If only he could make his feet move, and his brain compute what his heart had feared for months: that his relationship with Rob was toxic and his whole life was a crock of shit. Of course he’d suspected Rob was banging other people. How could he not? Everyone else bloody did. But seeing it in the flesh was something else. Sickening, humiliating . . . and so freeing that Calum wanted to cry.
He finally backed up, hoping he could tiptoe away as unnoticed as he’d arrived. Fuck his stuff. He’d go to the shop and kip there, come back for his things when Rob went to work. He’ll let me go this time. But even as Calum thought it, he knew it wasn’t true. How many times had Rob told him—warned him—not to step out of line? “I’ll ruin you, Calum. You’re nothing without me.”
“Where the fuck do you think you’re going?”
Calum froze, his heart in his mouth, every instinct screaming at him to keep walking and not look round, but the masochist in him won out. He turned to face Rob, who was still bent over the bed, his brawny pal balls-deep inside him, and his face curled in a smirk that showed exactly how Rob felt about being caught. Calum clenched his fists. “Doesn’t seem like you need me here.”
“You can suck my dick if you want.”
“No, thanks.”
Rob’s hawkish gaze narrowed, and his belligerence morphed into anger. “Don’t be a twat.”
“Me?” Calum laughed bitterly. “I’m not the twat here, but tell you what, how about I leave you to it? That way it doesn’t fucking matter.”

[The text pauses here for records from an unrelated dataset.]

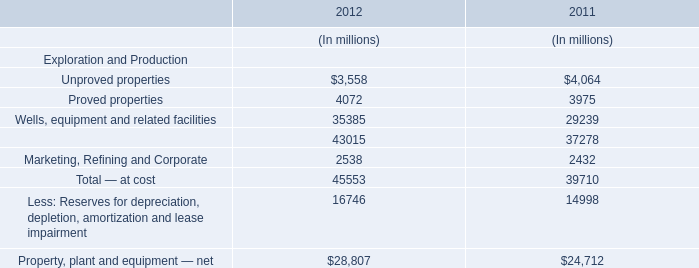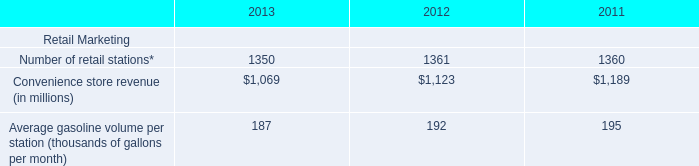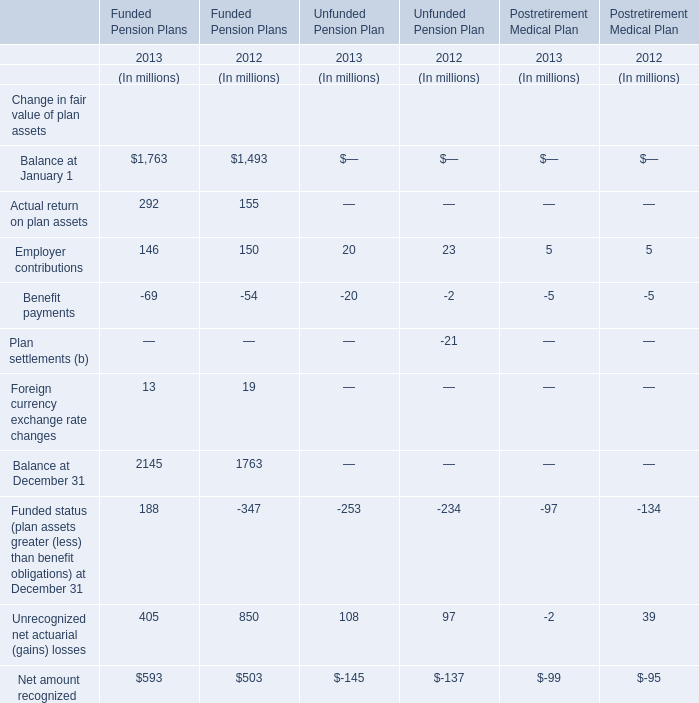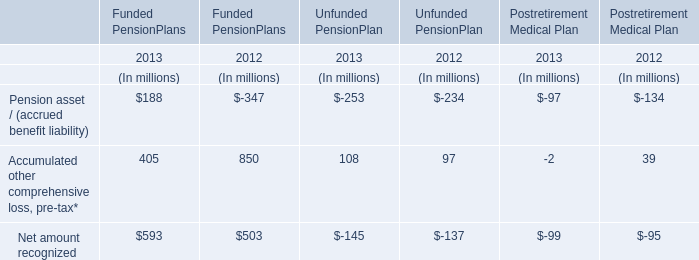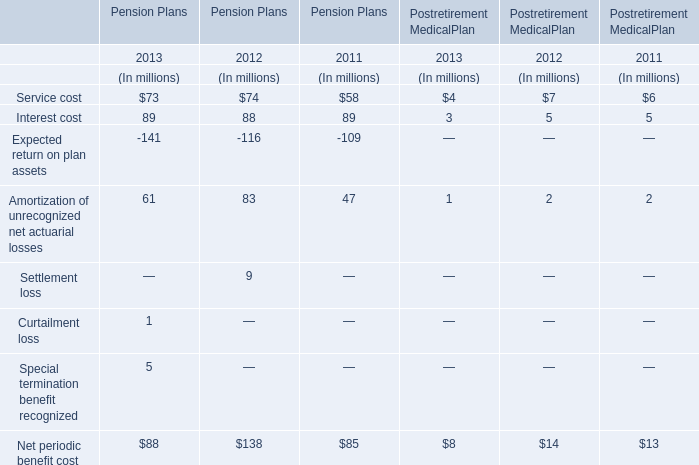Which section is Pension asset / (accrued benefit liability) the lowest? 
Answer: Unfunded PensionPlan. 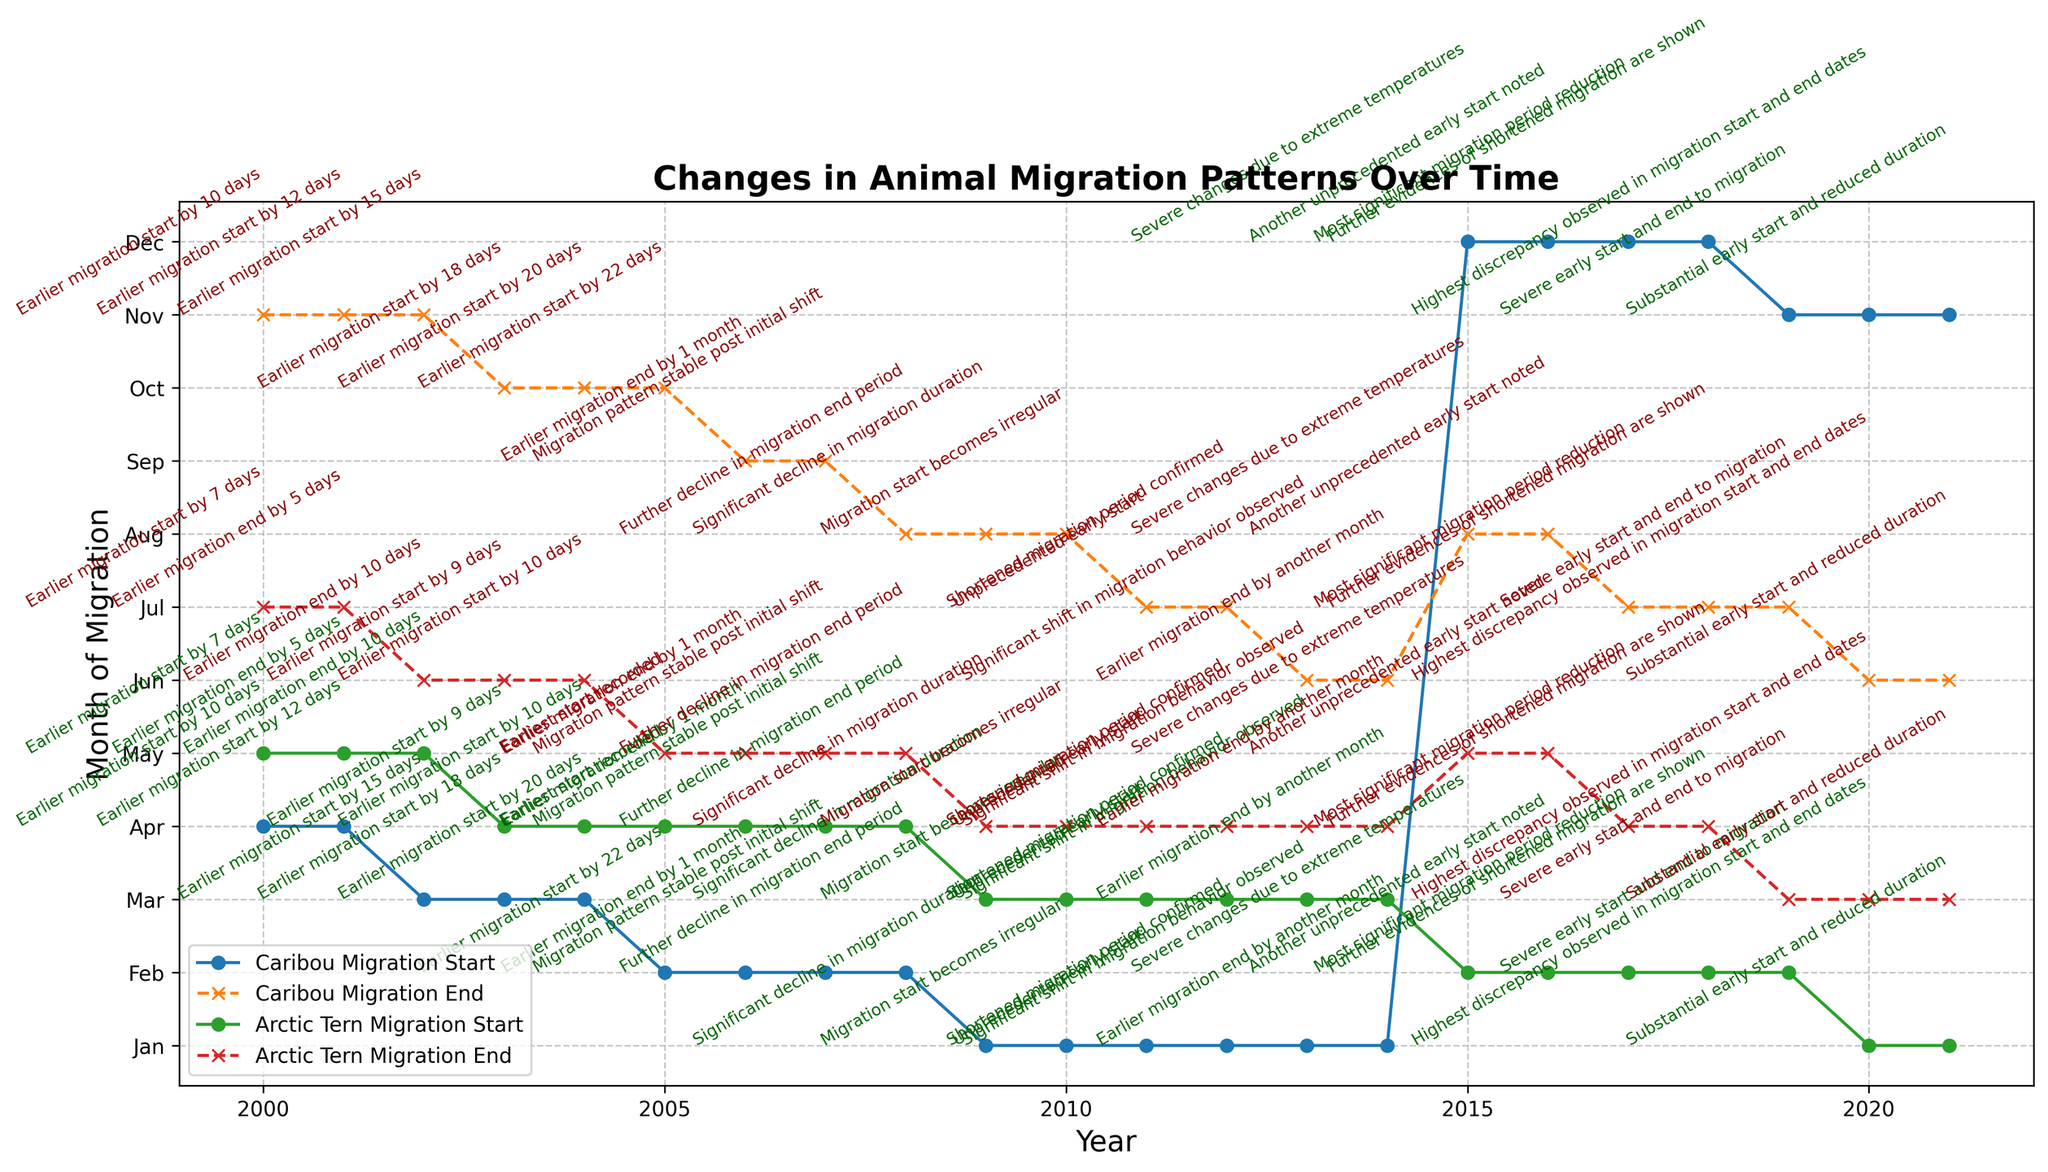Which animal had the earliest migration start in 2021? The figure indicates both the migration start and end months for each year. For 2021, check the migration start month for both Caribou and Arctic Tern. The Caribou's migration started in November, while the Arctic Tern's started in January.
Answer: Arctic Tern What was the migration end month for Caribou in 2006? Look at the end point of the line labeled "Caribou Migration End" in 2006. The figure's y-axis has month labels. In 2006, the line ends at September.
Answer: September How many years showed a significant shift in migration behavior for both animals? The text annotations indicate years with "significant shift in migration behavior observed." Look at the annotations on the figure for both Caribou and Arctic Tern. The year 2013 is noted with this significant shift for both animals.
Answer: 1 year (2013) Which animal had a migration pattern labeled "stable post initial shift" in 2007? Check the text annotations in the plot for 2007. Both Caribou and Arctic Tern lines have this label in 2007.
Answer: Both In which year did the Caribou’s migration start move to December? Follow the line labeled "Caribou Migration Start" and observe the text annotations along it until you find the shift to December. This change happens in 2015.
Answer: 2015 Which months show the greatest discrepancy in migration start and end dates for any animal? Look at the text annotations highlighting "Highest discrepancy observed in migration start and end dates." According to the annotations, this happens in 2020.
Answer: 2020 What is the latest migration end month recorded for Arctic Terns? Check the end points of the lines labeled "Arctic Tern Migration End" over all years. The latest end month is July, noted before 2006.
Answer: July How many days earlier did the Caribou start migrating in 2002? Refer to the text annotation next to the 2002 migration start point for Caribou. It mentions "Earlier migration start by 15 days."
Answer: 15 days Which months did both Caribou and Arctic Tern start migrating for the first time in 2010? Look at the migration start points for both animals in 2010 and check the text annotations. Annotations indicate "Migration start becomes irregular," pointing out specific months, January for Caribou and March for Arctic Tern.
Answer: January (Caribou) and March (Arctic Tern) Which year's data shows the "Severe changes due to extreme temperatures" for both animals? Review the text annotations for both animals looking for phrases indicating "Severe changes due to extreme temperatures." Both animals show this annotation in 2015.
Answer: 2015

He took a step back, spun on his heel, and ran for the door before Rob got close enough to give him that look—the one that always seemed to penetrate Calum’s soul and extinguish any thoughts of his own. The one that Calum had never been able to hide from, ever since the first time he’d caught Rob out in a lie. “What do you expect when you’re so uptight, Cal? I’m not flirting, I just need to let off some steam.”
Calum stumbled, his foot catching the bookcase in the hallway. He steadied himself on the wall, cursing his wobbly legs, but footsteps behind him spurred him on. Get out, get out, get out.
“Not so fast.” A cool hand closed around Calum’s wrist. A twisted vampire analogy flashed into his brain, and he almost laughed again. Almost, because there was nothing funny about Rob’s bruising grip. “Don’t walk away from me when I’m talking to you.”